Well, let’s go back a bit to our coin’s example. Imagine now that you’ve been lucky and got your 10 heads in a row in your first 10 throws and immediately stopped, making my assumption of a lot of throws very far from the actual number. Taking this into account, I may ask you to repeat your throws, but this time using 10 coins and 10 pieces of paper to record the amount of heads with each coin. This will allow me to observe much more data, making me able to get a much more accurate assumption.

Using a similar way, the HLL algorithm divides the hash result in 2, using the first section to address a bucket (our pair of coin/paper), and the second one to count the 0s to the left and store the largest amount so far (writing in the paper the longest run of heads we’ve encountered so far).
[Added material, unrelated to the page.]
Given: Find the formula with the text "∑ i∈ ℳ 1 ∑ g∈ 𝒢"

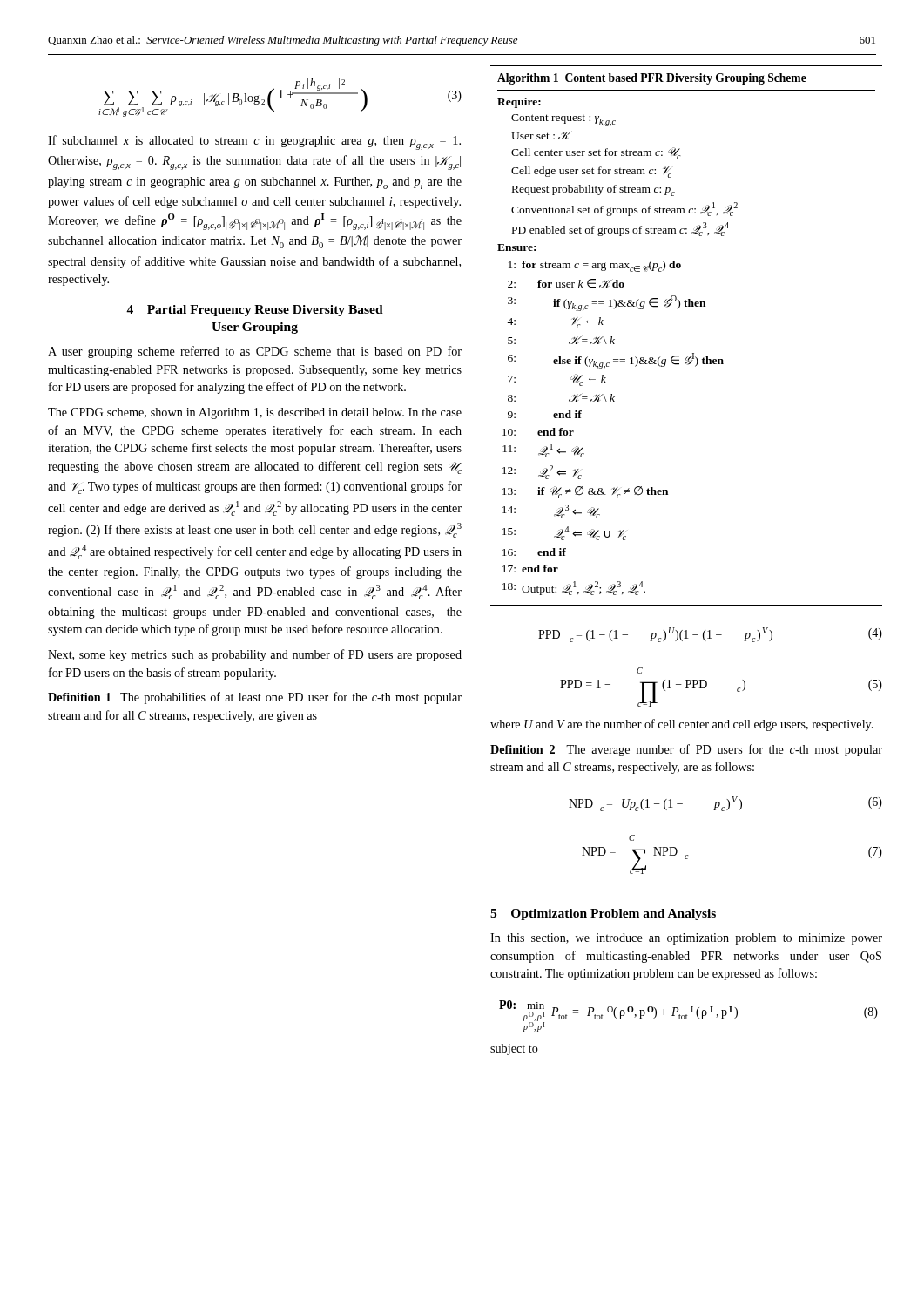Looking at the screenshot, I should tap(280, 96).

Lets put this in a simple example. Imagine that we decide to divide our set in 8 sub-sets or 8 buckets, that would mean that we need 3 bits to address them, since 2³ is 8. Then our buckets are addressed by the following binary numbers:

000 – 001 – 010 – 011 – 100 – 101 – 110 – 111

Then, for every hash we get, we will check the first 3 bits in order to know in which bucket we will be putting it in. Say for example that we have a hash function that returns 8 bit values. We will be using the first 3 bits to know the bucket and the remaining 5 bits to know the amount of 0s as follows:

By having a big distribution of buckets we diminish the error that random occurrences produce, and if we want to get our cardinality at any given point, we just need to estimate the cardinality of each bucket and take an average.
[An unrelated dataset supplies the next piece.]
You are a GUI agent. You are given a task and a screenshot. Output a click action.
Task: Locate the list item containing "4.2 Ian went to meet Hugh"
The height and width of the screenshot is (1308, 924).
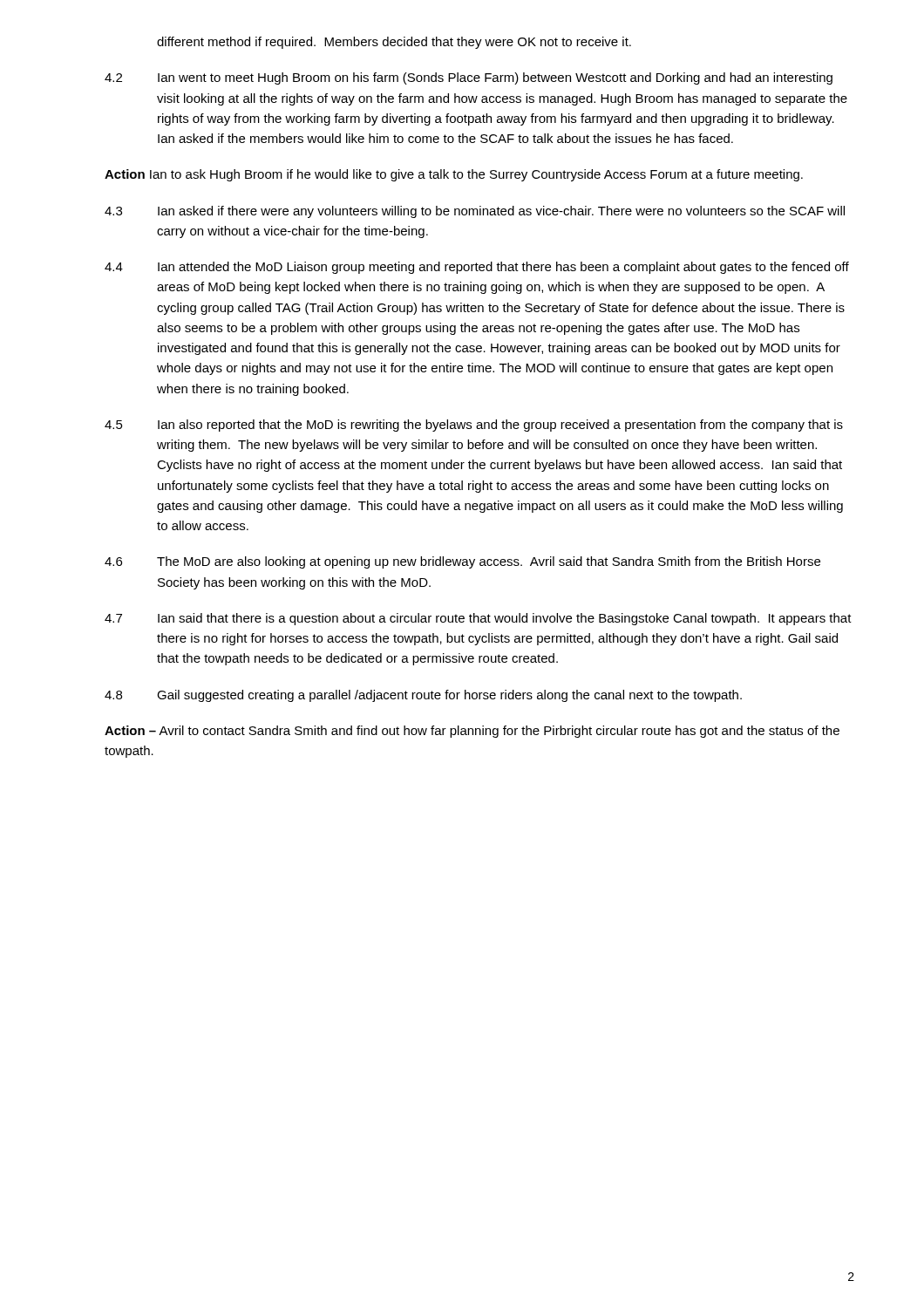[x=479, y=108]

For the sake of simplicity, I said “average”, but the actual HLL algorithm uses harmonic mean instead of arithmetic mean. This allows the algorithm to eliminate large outliers from the formula, efectively increasing the accuracy of the estimate. The use of harmonic mean is the difference between the original Loglog algorithm and the new Hyperloglog algorithm

About Redis implementation

Redis, implements its HLL structure, using 16384 registers or “buckets”, bringing the standard error to 0.81%.

As for the hash function, the one used by Redis, has a 64 bit output, meaning that it is using the first 14 bits to address the 16k registers and the remaining 50 bits are being used to count the amount of 0s to the left. As we’ve seen before, each bucket will be storing the highest stream of 0s to that point, being the highest possible 50 (because there are only 50 remaining bits from the hash that can be 0s), each bucket will need 6 bits to be able to store up to the number 50 (which is 110010 in binary). Adding it up, we get that we’ll need 98304 bits (6 for each bucket) to store 1 HLL structure and if we translate those bits into bytes, we get 12288 bytes (or 12kb) which is the size that any hyperloglog will have in the Redis implementation.

Wrap up

So, we’ve discussed the theory and the implementation of this algorithm, but how does it work in practice?
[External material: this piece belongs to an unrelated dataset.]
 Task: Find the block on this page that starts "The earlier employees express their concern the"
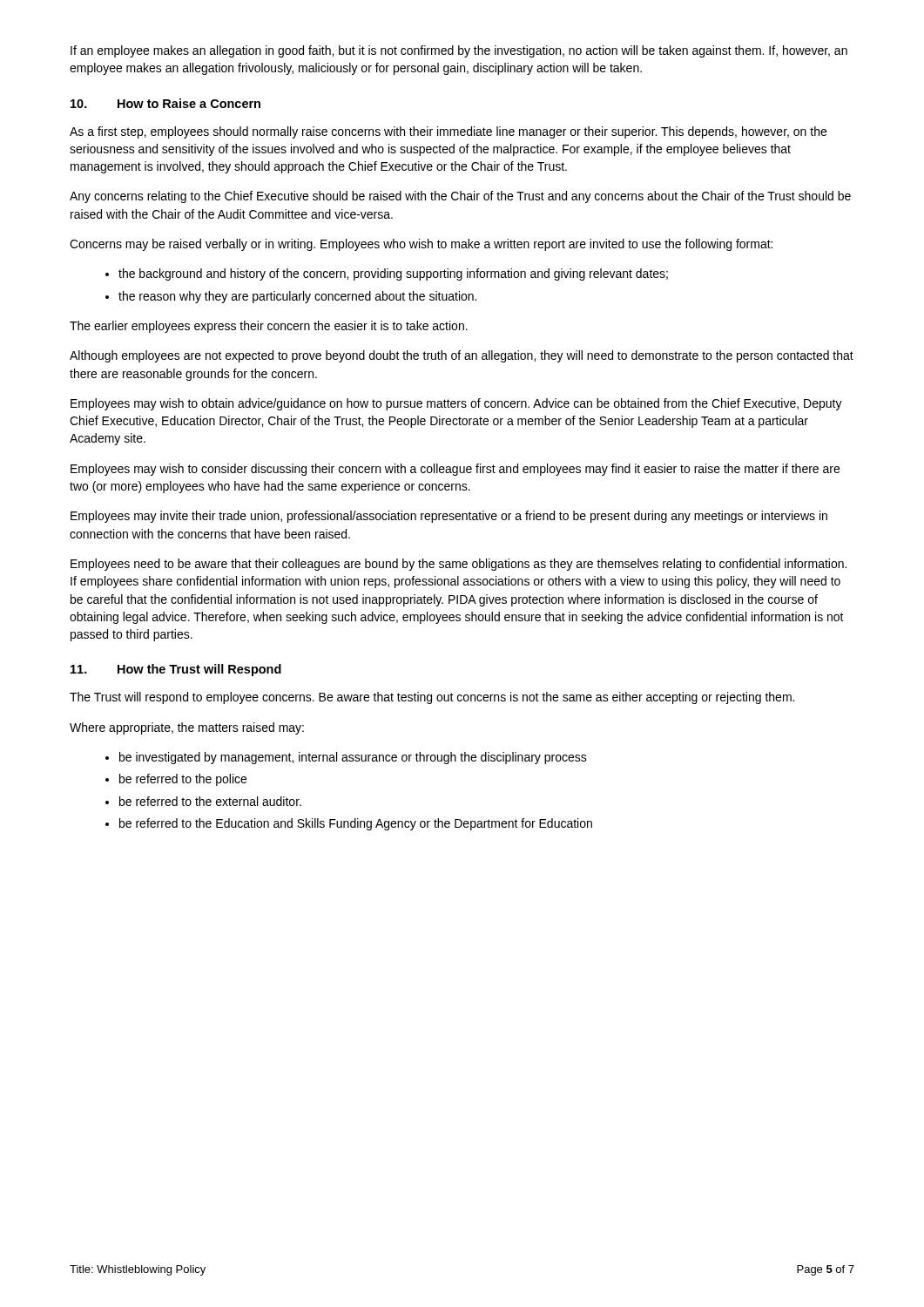coord(269,326)

In our case, we needed 5 counters for each day of the week, 5 for each week of the month, and one for the month, adding up to 56 counters that needed to be available.

By implementing the first solution we thought off, each of those counters would have been represented by a set’s cardinality. This would’ve meant we needed 56 sets to account for our 56 counters. Since each set was using roughly 8gb of memory, we would’ve needed 450gb available just to store the sets.

After implementing the HLL solution, each counter was now represented by a HLL structure. Since each HLL structure has a fixed size of 12kb in the Redis implementation, our 56 structures were using 672kb in total, less than 0.00014% of our previous solution’s memory requirement.

On the other hand, we didn’t have exact values anymore. Now we had probabilistic values, which meant that we had error rates. But in our case, there wasn’t a problem with a 1% error rate, since our results were being used for graphs and administration panels, that didn’t need exact data, they needed representative data.

In conclusion, the Hyperloglog algorithm gives us the posibility of having really small structures capable of calculating the cardinality of really big sets for the price of a minimal error. As I said before, each different problem will tell us if we need the exact data or if we can tolerate this low error rate to take advantage of the low size that this structure provides.